If the "Suffering Servant of Isaiah 53 was Israel the Ten Tribes" is your Savior, you are lost.
No, and I have told you already; my Savior is HaShem, the Creator of the universe. Read Isaiah 43:3.
Was Israel an innocent victim and guiltless sufferer?
No, and neither was Judah; however, the Lord rejected Israel, Messiah ben-Yoseph and reelected Judah, Messiah ben-Judah. (Psalm 78:67-70) Israel the Ten Tribes did not die but was spread throughout among the Gentiles and Judah has remained as the only God's Kingdom upon earth. (Ezekiel 37:22)
The prophet said: "It pleased the LORD to bruise him." Has the awful treatment of the Jewish people (so contrary, by the way, to the teaching of Jesus to love everyone) really been God's pleasure, as is said of the suffering of the servant in Isaiah 53:10?
To bruise him, not to kill him. This is one evidence why Jesus could not have been the Messiah; he was killed and not only bruised. Isaiah 53:10. The whole chapter of Isaiah 53 does not mention the death of the Messiah. If you compare that chapter with Psalm 44:9-26, all the sufferings of the Jewish People throughout History through pogroms, blood libels, Crusades, the Inquisition and the Holocaust, the Messiah goes through all kinds of torture but it is not killed as a People. Many, individually, even millions of Jews were murdered but not as the People. The People cannot disappear through death or the whole earth will be big danger.
The person mentioned in this passage suffers silently and willingly. Israel, like everybody else complain whey they suffer.
Silently here means to remain as God's People no matter what.
Leviticus chapters 5 and 6. Isaiah 53 describes a sinless and perfect sacrificial lamb who takes upon himself the sins of others so that they might be forgiven.
This is metaphorical of prophetic language. Perfect sacrificial lamb as in the case of Israel for Judah but not that one died for the other. Both Israel and Judah had reached the point of no return but the Lord could not remove both or the whole earth would have to go. Since He had promised to King David that Judah would be spared for the sake of David as a lamp in Jerusalem forever. (I Kings 11:36)
The figure of Isaiah 53 dies and is buried according to verses 8 and 9. The people of Israel have never died as a whole.

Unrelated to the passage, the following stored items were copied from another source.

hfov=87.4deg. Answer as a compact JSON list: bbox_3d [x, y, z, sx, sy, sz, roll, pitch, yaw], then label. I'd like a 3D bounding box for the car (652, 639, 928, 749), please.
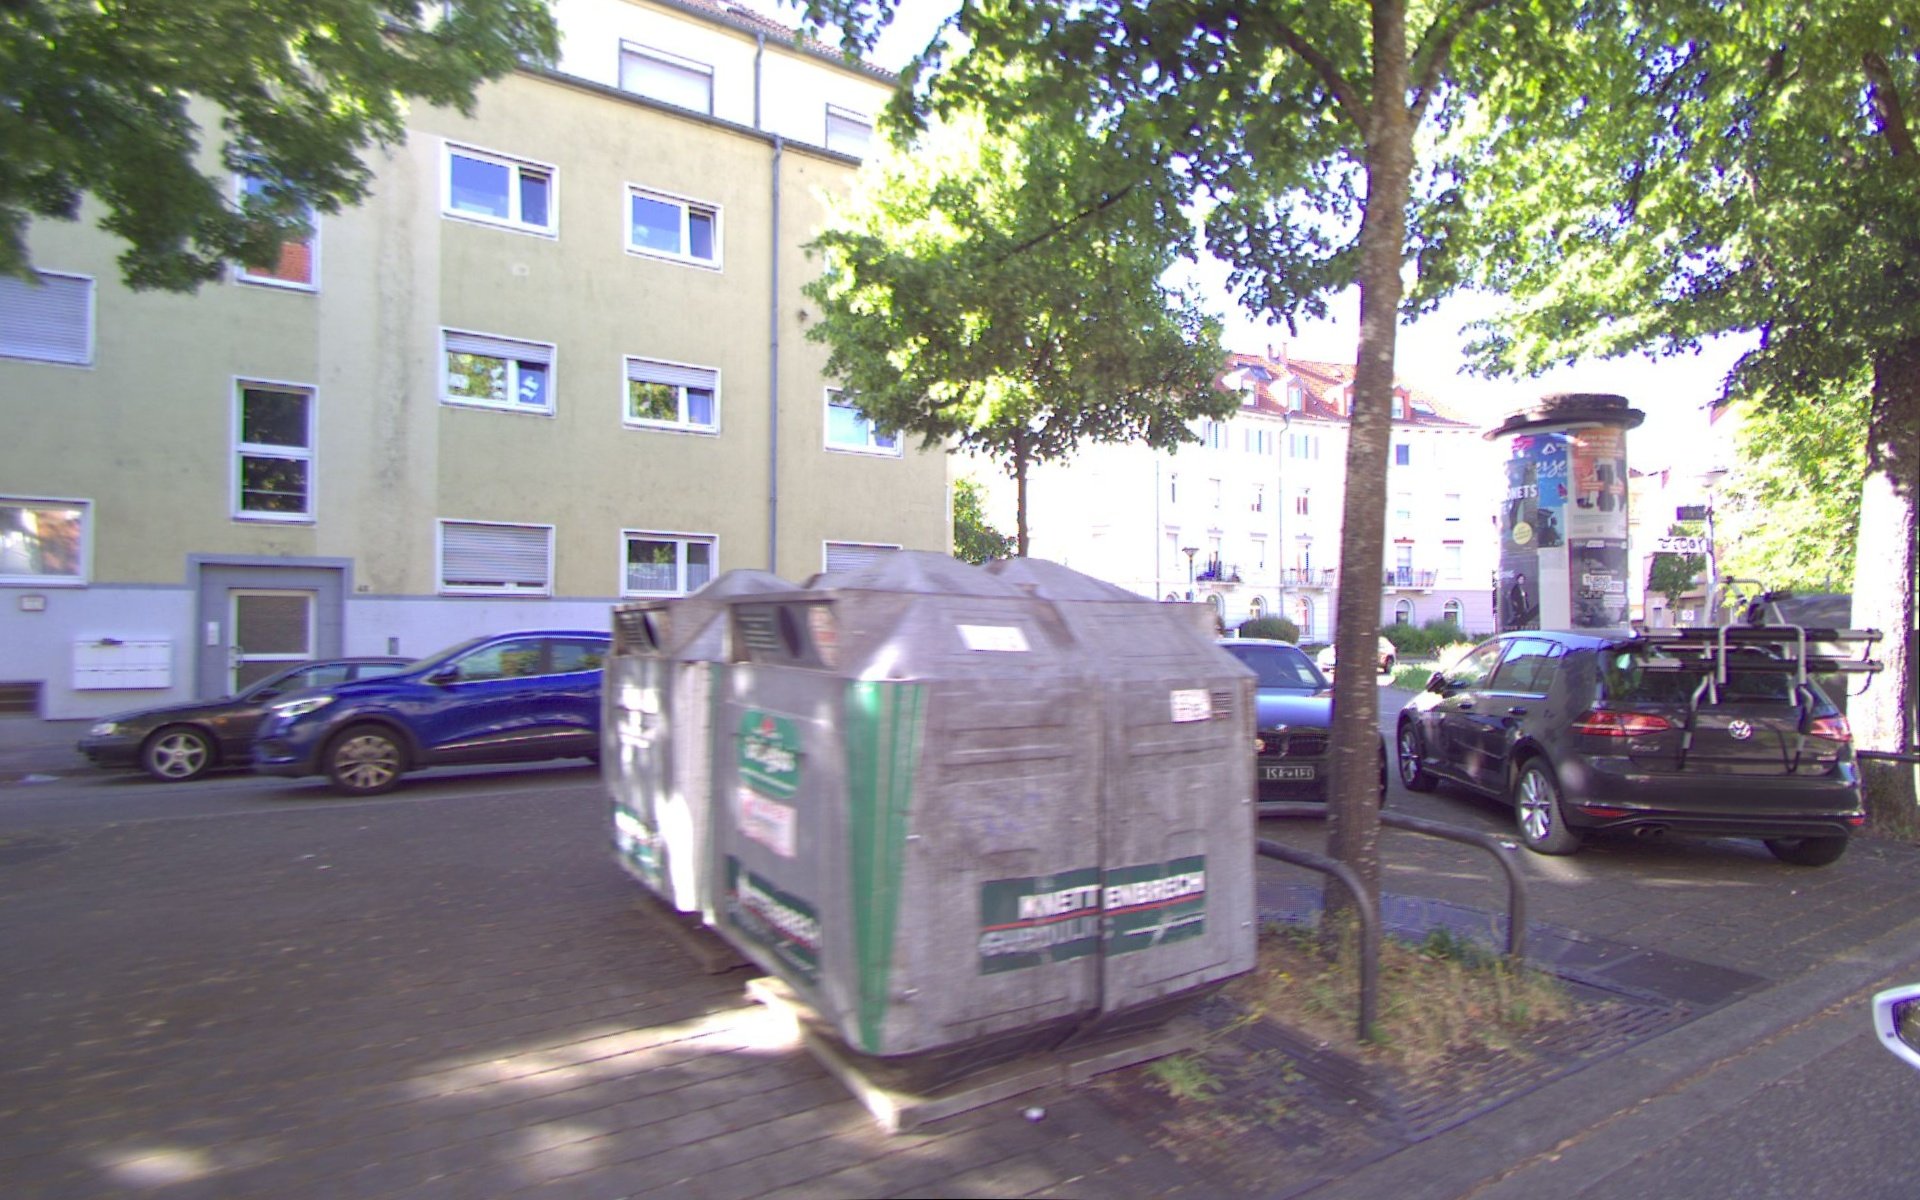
[{"bbox_3d":[-2.658,1.410,16.119,4.123,1.546,1.520,1,-2,-34],"label":"car"}]

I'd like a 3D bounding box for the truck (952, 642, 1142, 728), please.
[{"bbox_3d":[1.662,1.532,18.856,3.379,1.454,1.521,1,-2,-34],"label":"truck"}]

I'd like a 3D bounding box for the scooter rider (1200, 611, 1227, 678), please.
[{"bbox_3d":[7.557,1.317,29.971,0.548,1.959,0.616,0,-2,-13],"label":"scooter rider"}]

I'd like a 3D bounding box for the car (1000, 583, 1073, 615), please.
[{"bbox_3d":[3.817,-0.048,50.352,3.340,1.485,1.487,-1,-2,24],"label":"car"}]

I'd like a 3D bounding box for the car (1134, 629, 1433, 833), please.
[{"bbox_3d":[2.612,0.988,9.085,1.751,1.421,4.003,0,-2,5],"label":"car"}]

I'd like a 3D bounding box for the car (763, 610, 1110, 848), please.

That's exactly what I have been telling you all throughout. Now, as the verses 8 and 9 of Isaiah 53 are concerned, the reference is to exile. When Jews are forced into exile, it is as if they have been cut off from the Land of the living and graves are assigned to them all throughout the nations. At the end of the exile, the Lord opens their graves and brings them back to the Land of Israel. (Ezekiel 37:12) This is about the "Dry Bones", a vision of Ezekiel about the Jews in exile.